**Goal of the exercise**
Transcribe every entry word for word, leaving out all images.

*** Data excerpts Section Begins ***

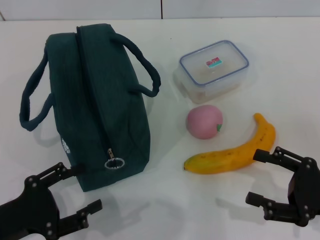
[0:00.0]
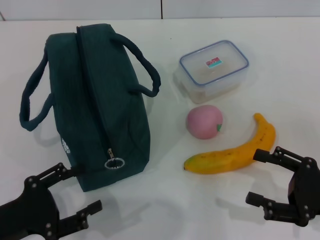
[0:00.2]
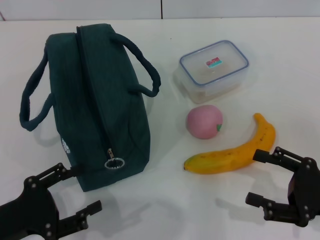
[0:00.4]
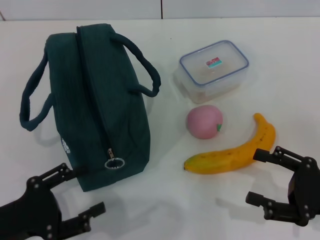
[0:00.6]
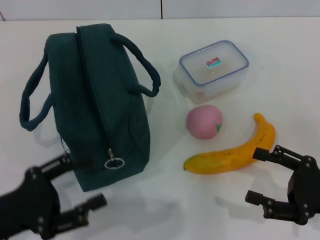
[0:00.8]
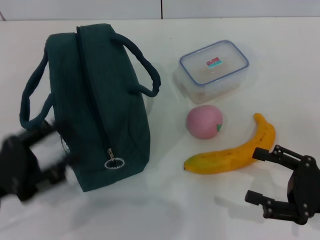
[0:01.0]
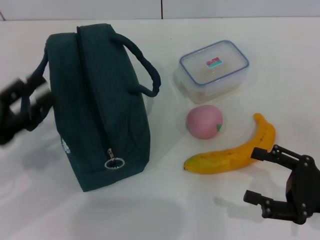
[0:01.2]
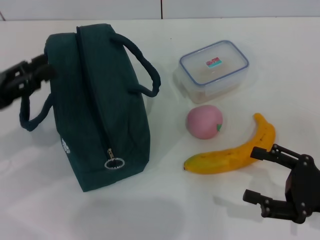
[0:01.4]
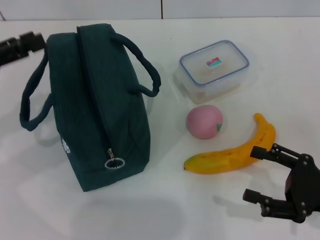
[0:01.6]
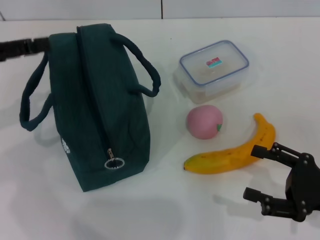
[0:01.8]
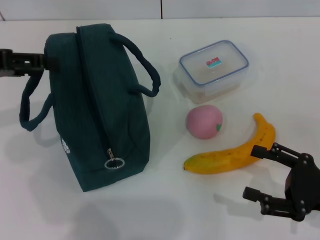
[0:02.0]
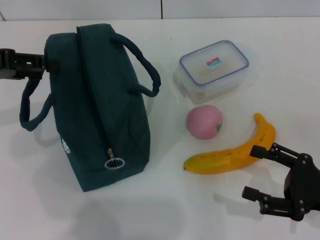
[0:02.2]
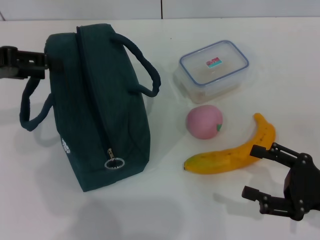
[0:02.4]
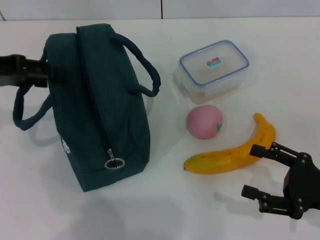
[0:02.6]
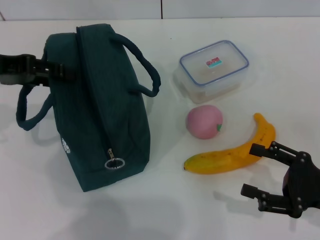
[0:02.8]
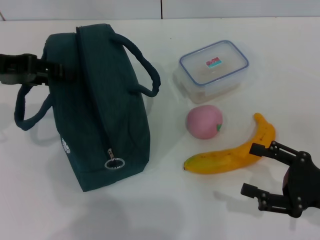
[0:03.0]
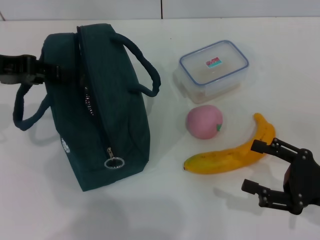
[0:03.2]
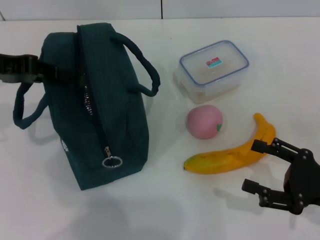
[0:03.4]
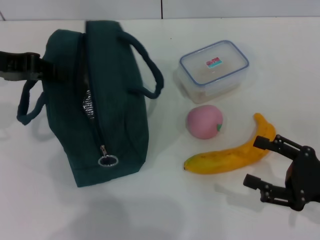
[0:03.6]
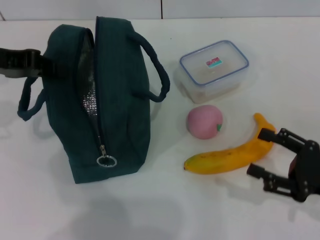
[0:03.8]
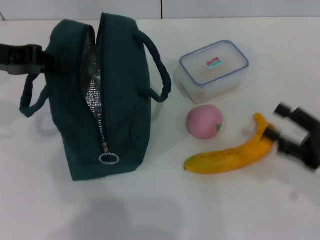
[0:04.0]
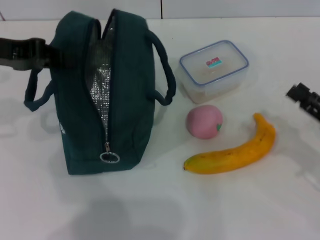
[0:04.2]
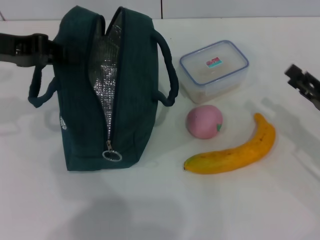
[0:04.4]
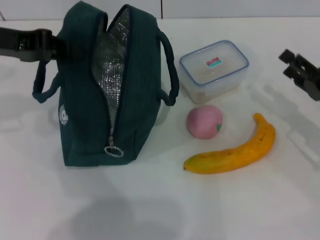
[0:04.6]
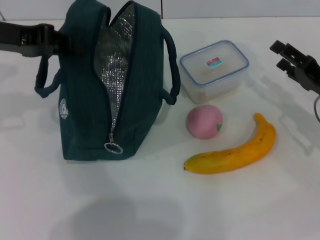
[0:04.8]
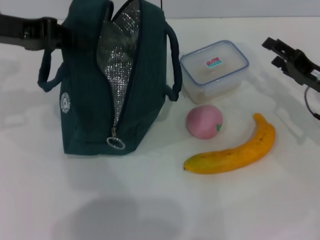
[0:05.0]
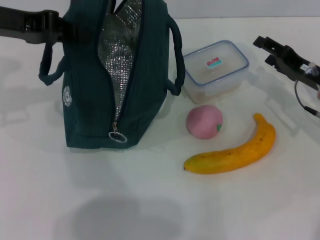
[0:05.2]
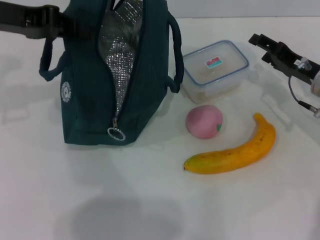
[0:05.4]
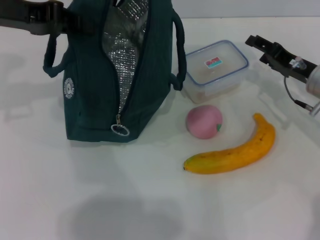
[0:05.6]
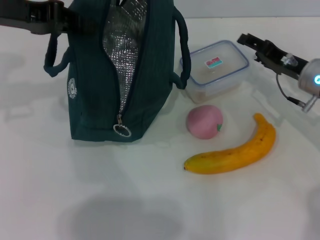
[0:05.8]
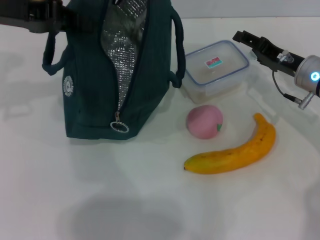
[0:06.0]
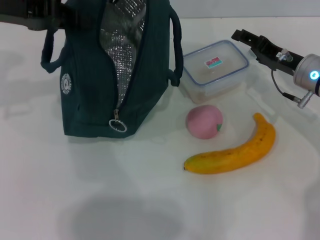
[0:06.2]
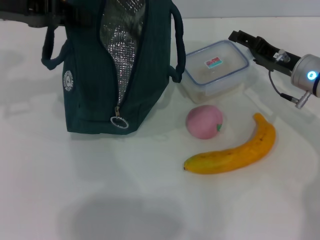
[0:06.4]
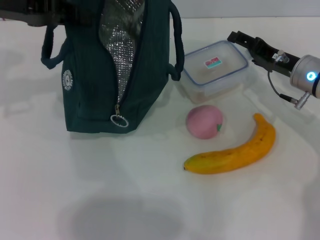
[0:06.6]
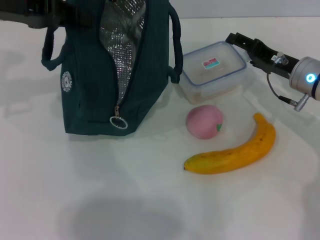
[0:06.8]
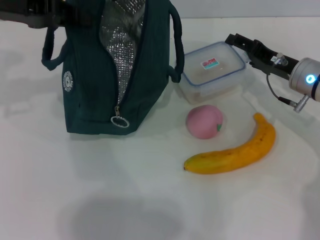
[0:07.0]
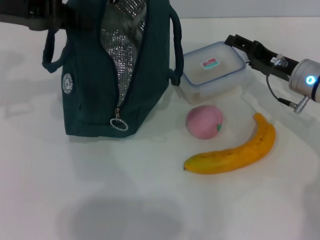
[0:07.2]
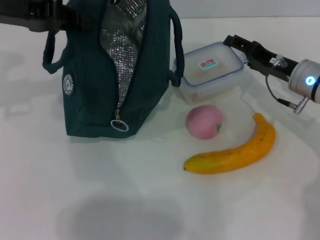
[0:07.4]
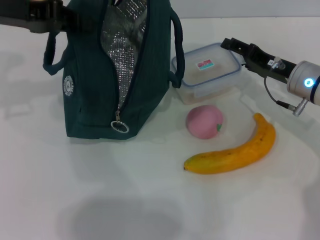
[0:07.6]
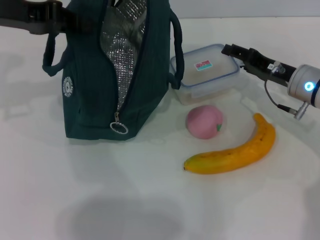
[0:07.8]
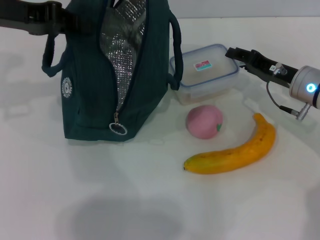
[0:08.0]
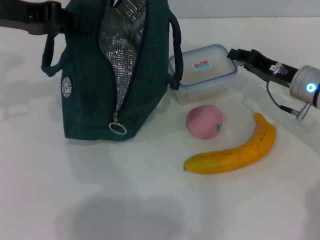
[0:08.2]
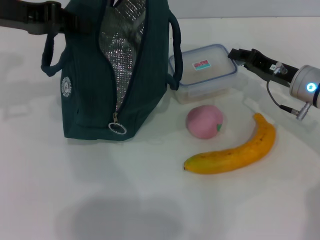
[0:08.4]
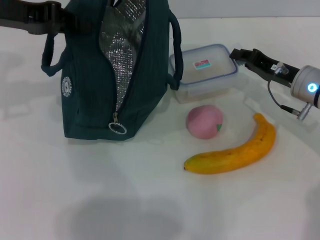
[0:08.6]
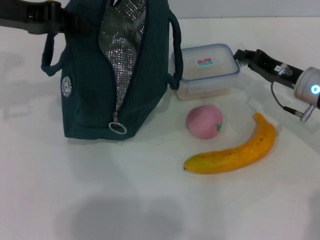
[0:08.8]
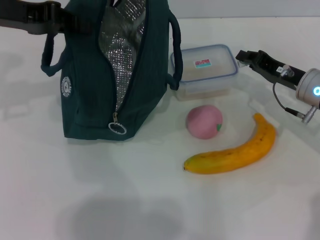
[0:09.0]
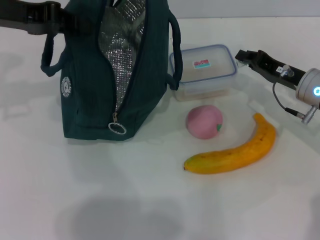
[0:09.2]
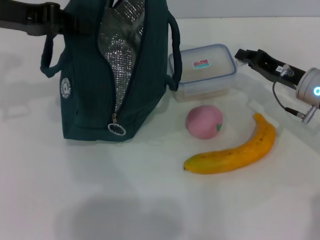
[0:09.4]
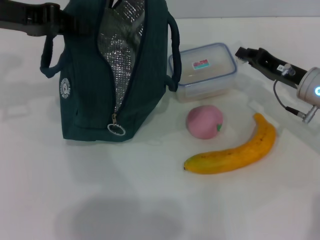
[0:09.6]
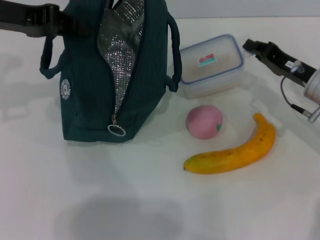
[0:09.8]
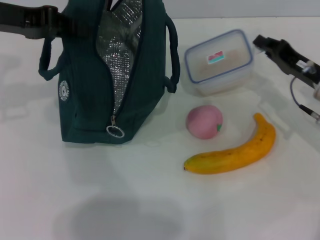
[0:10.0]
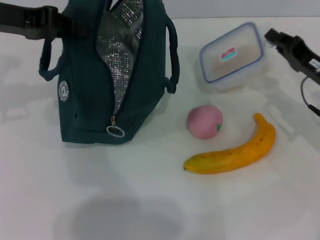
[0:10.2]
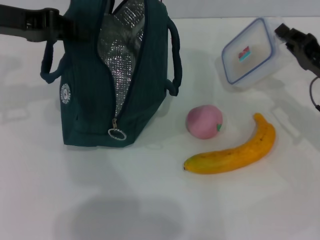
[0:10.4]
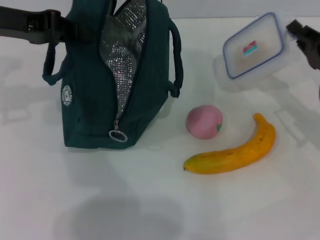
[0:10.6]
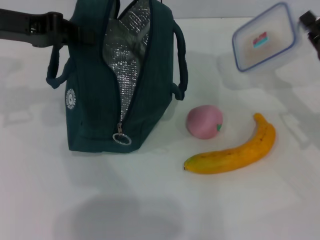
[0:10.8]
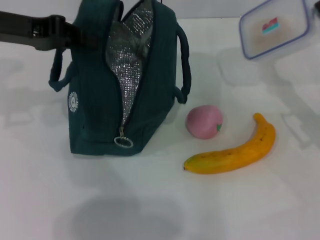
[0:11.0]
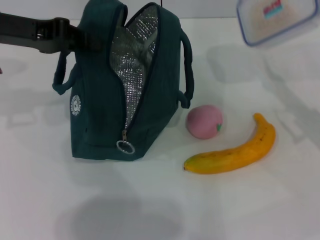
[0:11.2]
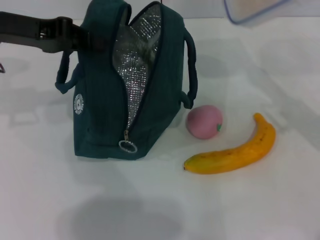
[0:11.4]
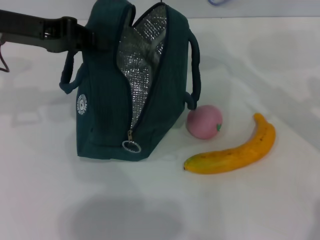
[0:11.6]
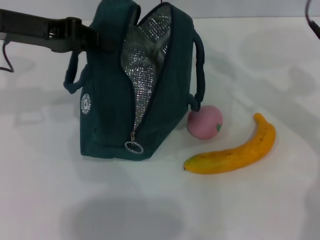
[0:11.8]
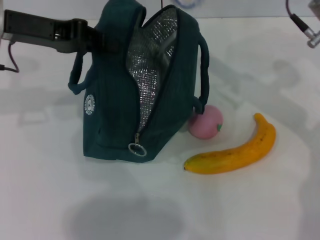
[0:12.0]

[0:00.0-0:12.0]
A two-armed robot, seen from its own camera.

*** Data excerpts Section Ends ***

**Answer box**
[0:00.0]
[0:00.2]
[0:00.4]
[0:00.6]
[0:00.8]
[0:01.0]
[0:01.2]
[0:01.4]
[0:01.6]
[0:01.8]
[0:02.0]
[0:02.2]
[0:02.4]
[0:02.6]
[0:02.8]
[0:03.0]
[0:03.2]
[0:03.4]
[0:03.6]
[0:03.8]
[0:04.0]
[0:04.2]
[0:04.4]
[0:04.6]
[0:04.8]
[0:05.0]
[0:05.2]
[0:05.4]
[0:05.6]
[0:05.8]
[0:06.0]
[0:06.2]
[0:06.4]
[0:06.6]
[0:06.8]
[0:07.0]
[0:07.2]
[0:07.4]
[0:07.6]
[0:07.8]
[0:08.0]
[0:08.2]
[0:08.4]
[0:08.6]
[0:08.8]
[0:09.0]
[0:09.2]
[0:09.4]
[0:09.6]
[0:09.8]
[0:10.0]
[0:10.2]
[0:10.4]
[0:10.6]
[0:10.8]
[0:11.0]
[0:11.2]
[0:11.4]
[0:11.6]
[0:11.8]
[0:12.0]

[0:00.0-0:12.0]
A two-armed robot, seen from its own camera.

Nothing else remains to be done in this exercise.